===== Supplied records =====

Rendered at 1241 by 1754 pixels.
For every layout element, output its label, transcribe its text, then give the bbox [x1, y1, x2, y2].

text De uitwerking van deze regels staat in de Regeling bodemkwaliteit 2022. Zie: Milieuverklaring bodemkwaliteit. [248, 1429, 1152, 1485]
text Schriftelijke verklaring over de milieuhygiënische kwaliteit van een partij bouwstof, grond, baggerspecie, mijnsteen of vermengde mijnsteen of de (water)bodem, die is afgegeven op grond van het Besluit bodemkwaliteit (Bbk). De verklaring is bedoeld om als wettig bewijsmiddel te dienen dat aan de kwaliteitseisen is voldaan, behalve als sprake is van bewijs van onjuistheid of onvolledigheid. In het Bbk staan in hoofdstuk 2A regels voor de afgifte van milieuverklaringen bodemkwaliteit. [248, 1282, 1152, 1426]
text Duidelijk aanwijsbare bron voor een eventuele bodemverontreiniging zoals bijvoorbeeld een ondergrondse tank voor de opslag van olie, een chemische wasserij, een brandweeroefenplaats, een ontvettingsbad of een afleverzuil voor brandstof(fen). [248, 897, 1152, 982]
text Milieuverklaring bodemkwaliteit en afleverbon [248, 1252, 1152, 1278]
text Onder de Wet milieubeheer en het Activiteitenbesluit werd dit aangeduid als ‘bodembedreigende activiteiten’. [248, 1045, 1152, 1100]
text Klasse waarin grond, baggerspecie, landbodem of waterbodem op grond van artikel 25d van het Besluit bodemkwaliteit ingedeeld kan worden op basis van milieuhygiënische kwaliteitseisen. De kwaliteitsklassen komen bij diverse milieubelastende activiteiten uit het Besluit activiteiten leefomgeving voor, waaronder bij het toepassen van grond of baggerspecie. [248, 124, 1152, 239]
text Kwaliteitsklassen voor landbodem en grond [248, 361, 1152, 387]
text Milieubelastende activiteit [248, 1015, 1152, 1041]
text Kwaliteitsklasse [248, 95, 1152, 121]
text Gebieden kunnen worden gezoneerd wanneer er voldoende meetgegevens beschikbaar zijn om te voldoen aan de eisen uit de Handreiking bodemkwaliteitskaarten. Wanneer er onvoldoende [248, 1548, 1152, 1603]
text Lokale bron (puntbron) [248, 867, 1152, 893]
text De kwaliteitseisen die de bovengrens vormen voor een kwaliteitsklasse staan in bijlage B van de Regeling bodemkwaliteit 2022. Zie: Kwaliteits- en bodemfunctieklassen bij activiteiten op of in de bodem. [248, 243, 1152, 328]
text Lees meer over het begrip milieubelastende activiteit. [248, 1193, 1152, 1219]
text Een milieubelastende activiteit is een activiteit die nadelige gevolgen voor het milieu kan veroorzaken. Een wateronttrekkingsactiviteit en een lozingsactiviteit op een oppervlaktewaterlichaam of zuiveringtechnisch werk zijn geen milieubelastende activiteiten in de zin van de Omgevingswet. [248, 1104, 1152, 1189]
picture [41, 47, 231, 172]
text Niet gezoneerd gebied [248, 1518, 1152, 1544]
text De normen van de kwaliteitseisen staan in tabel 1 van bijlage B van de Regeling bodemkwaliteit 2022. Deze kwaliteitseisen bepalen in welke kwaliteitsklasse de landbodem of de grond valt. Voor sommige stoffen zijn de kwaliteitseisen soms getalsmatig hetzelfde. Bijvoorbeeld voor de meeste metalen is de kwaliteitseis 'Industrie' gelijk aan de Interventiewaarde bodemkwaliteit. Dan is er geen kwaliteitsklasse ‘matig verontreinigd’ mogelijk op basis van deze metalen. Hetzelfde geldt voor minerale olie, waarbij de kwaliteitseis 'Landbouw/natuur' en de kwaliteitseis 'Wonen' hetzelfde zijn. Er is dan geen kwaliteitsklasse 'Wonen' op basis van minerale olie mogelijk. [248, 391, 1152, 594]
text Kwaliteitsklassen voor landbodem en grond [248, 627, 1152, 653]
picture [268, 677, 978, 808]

=====
===== Supplied records =====

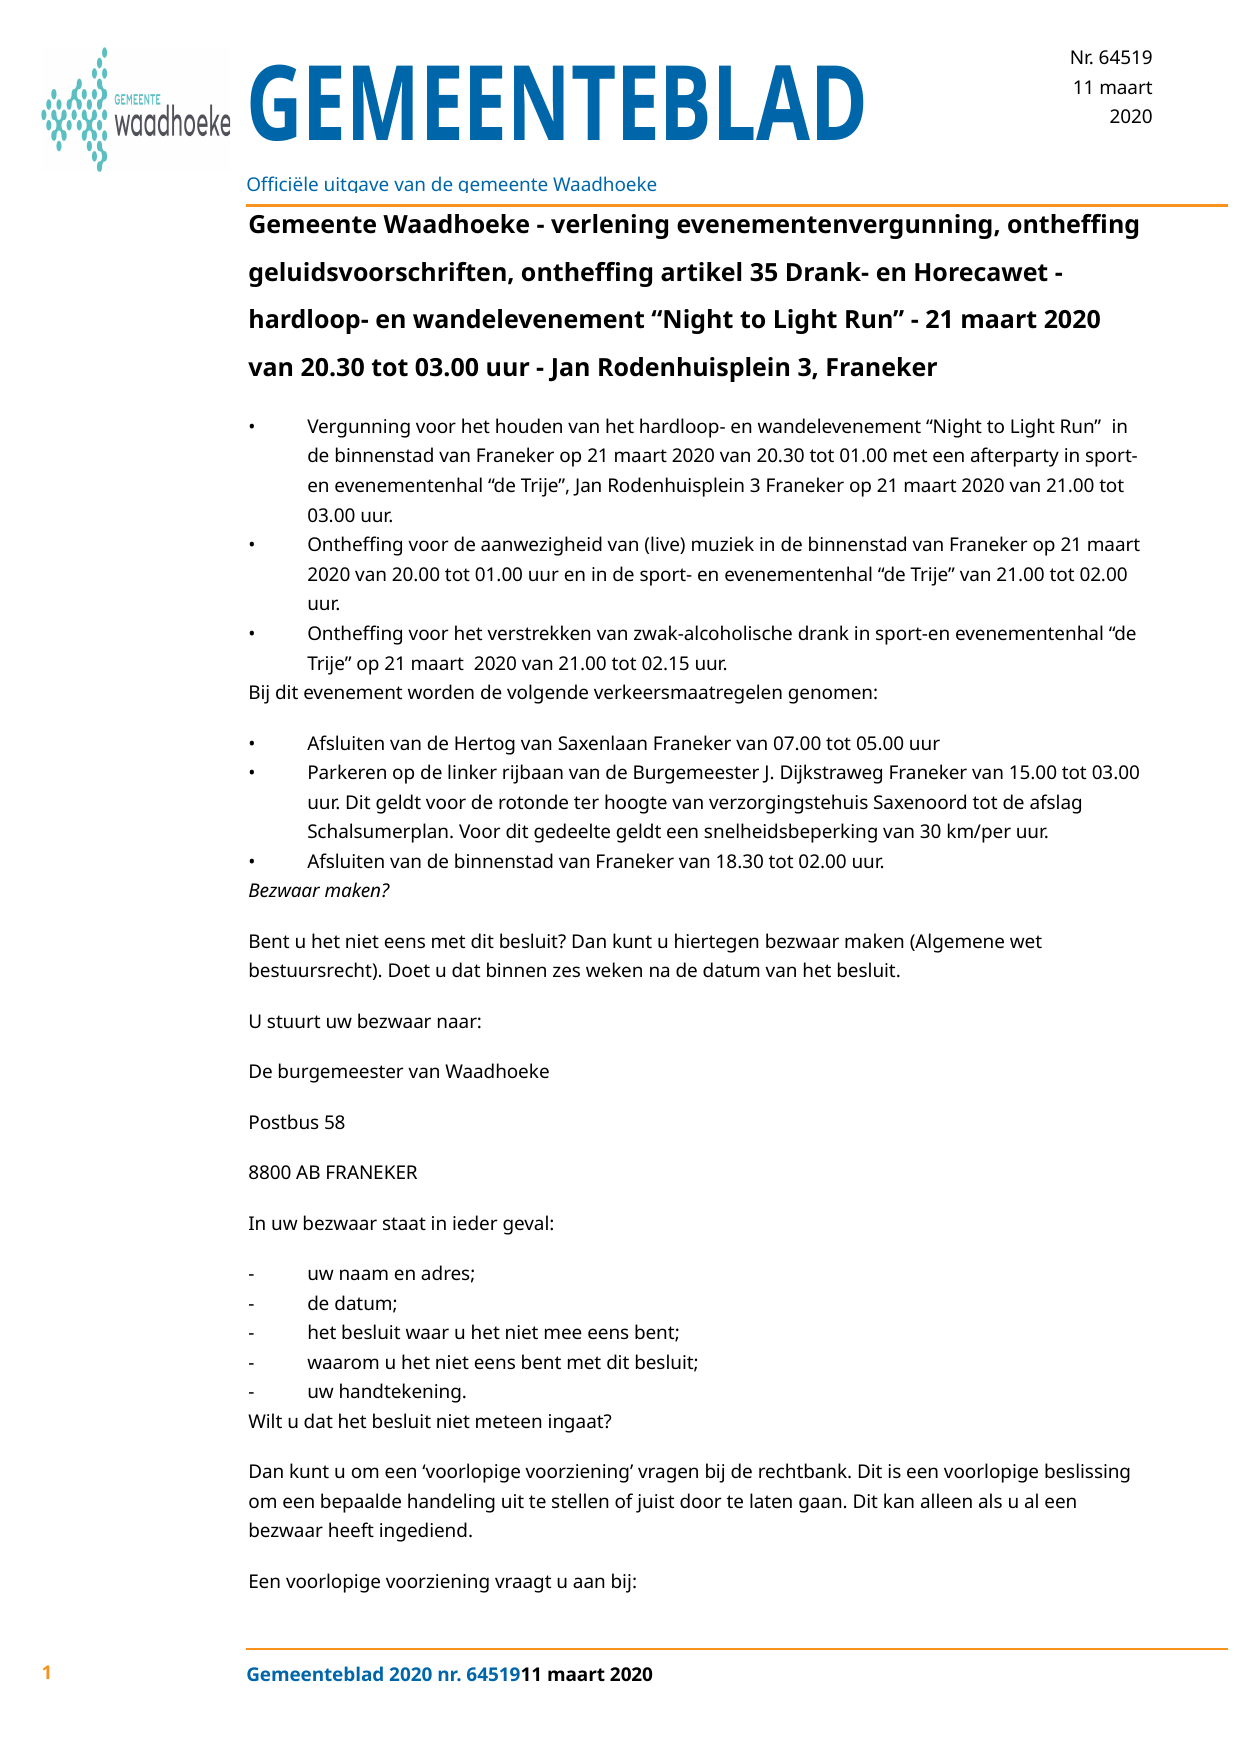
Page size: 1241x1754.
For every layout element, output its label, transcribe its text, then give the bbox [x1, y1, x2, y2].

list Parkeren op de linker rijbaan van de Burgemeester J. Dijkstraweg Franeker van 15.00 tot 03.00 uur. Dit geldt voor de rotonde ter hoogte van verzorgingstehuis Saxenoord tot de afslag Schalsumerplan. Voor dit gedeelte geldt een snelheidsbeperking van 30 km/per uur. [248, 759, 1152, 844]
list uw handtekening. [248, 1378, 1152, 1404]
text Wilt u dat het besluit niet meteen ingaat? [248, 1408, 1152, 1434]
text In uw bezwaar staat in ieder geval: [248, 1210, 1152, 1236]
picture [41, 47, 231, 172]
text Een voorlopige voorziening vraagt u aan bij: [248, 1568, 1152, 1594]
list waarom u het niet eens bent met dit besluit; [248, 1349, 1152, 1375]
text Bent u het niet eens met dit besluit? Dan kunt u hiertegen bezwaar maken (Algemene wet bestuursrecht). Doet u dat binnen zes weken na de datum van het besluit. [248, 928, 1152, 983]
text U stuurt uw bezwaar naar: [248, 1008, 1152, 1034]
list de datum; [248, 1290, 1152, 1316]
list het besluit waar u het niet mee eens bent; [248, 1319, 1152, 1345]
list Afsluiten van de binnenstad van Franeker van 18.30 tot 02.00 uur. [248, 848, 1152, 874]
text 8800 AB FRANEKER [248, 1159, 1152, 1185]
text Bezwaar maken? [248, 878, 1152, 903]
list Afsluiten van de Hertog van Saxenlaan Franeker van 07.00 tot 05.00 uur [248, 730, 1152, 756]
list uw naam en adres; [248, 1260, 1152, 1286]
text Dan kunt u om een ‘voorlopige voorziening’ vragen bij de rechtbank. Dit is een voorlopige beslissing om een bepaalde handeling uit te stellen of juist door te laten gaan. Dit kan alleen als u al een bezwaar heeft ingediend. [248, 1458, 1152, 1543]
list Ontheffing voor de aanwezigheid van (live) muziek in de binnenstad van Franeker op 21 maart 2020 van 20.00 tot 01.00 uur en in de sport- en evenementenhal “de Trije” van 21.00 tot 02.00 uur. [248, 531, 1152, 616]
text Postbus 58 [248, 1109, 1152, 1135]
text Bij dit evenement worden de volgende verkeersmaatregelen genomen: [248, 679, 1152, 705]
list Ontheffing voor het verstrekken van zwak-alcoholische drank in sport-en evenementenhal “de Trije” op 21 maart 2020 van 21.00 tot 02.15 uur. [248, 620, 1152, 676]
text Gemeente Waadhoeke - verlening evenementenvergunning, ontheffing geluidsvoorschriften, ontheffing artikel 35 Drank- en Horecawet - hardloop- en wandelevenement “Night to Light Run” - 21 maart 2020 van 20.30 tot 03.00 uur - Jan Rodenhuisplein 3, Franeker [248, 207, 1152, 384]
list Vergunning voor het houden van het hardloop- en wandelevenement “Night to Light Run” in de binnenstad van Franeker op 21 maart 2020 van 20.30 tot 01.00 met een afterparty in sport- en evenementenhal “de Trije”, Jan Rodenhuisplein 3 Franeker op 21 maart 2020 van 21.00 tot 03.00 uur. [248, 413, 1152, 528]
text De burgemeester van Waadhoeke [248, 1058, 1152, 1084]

=====

Look above for the line containing "Rendered at 1241 by 1754 pixels." and the line containing "text De uitwerking". Transcribe both, with the lines between them, exactly.

● Task response
Rendered at 1241 by 1754 pixels.
For every layout element, output its label, transcribe its text, then give the bbox [x1, y1, x2, y2].

text De uitwerking van deze regels staat in de Regeling bodemkwaliteit 2022. Zie: Milieuverklaring bodemkwaliteit. [248, 1429, 1152, 1485]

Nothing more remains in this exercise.